3 Ways To Prepare Your Kids For Your Separation From Your Spouse

3 Ways To Prepare Your Kids For Your Separation From Your Spouse from North Carolina Lifestyle Blogger Adventures of Frugal Mom
No one starts a marriage thinking about their relationship ending in divorce. But for a huge percentage of people who will get married in their lifetime, divorce could very well happen. And while going through this process can be hard on anyone, it can often be significantly more painful and challenging for families with children still living at home. So if you and your spouse are considering getting divorced but don’t yet want to take any final steps, here are three things you can and should do to prepare your kids for your separation from your spouse.

Briefly Tell Them What’s Going On

One of the worst things you can do for your children when you’re separating from your spouse is to try to keep them in the dark. Not only will your kids be able to sense that something is very wrong, but pretending like this isn’t their concern could be very harmful to them in both the long- and short-run of things. So rather than trying to protect them in this manner, Kidspot.com.au recommends that you briefly tell them what’s going on and explain how things will be changing in their life. While you don’t want to burden them with too much information, you do want them to know a bit about what’s going on.

Make Their Well Being Your Top Priority

As you and your spouse go through a separation, there’s going to be a lot about the lives of your family that’s disrupted. And although things in your life likely aren’t going according to plan, you still need to try to be a sturdy foundation for your children. As part of this, HelpGuide.org recommends that you try to make their well being your top priority and that you’re always there when they need someone to talk to reassure them. Your stability is going to be vital to them getting through this process in a healthy manner, so make sure you’re not neglecting them.

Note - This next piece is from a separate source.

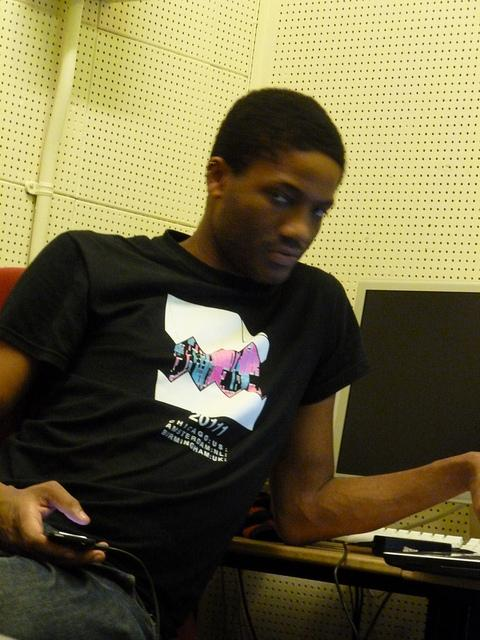What is the purpose of the holes behind him? pegboard 
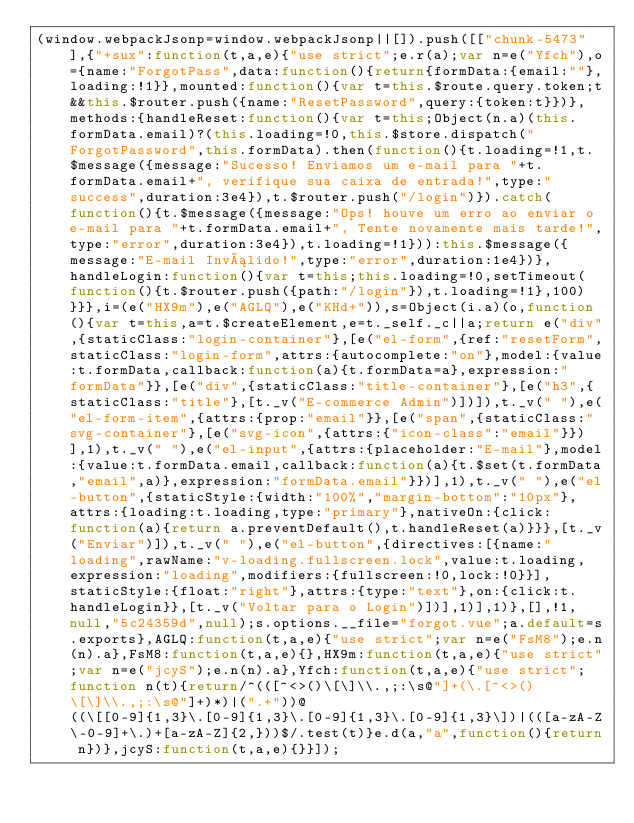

Don’t Give Them Hope If There Isn’t Any

When you and your spouse decide that separation is what’s going to be best, you might find that your kids as desperate for you two to reconcile. However, according to Kate Scharff, a contributor to the Huffington Post, giving your kids hope that your separation won’t lead to divorce or that you’ll all be a family living together again soon can do much more harm than good. If you don’t think that reconciliation is a possibility, don’t give your kids the false hope that it is. In the event that you and your spouse do end up getting back together, this can be a pleasant surprise for your kids.

If you are about to separate from your spouse, consider using the tips mentioned above to help you prepare your kids for this new way of life.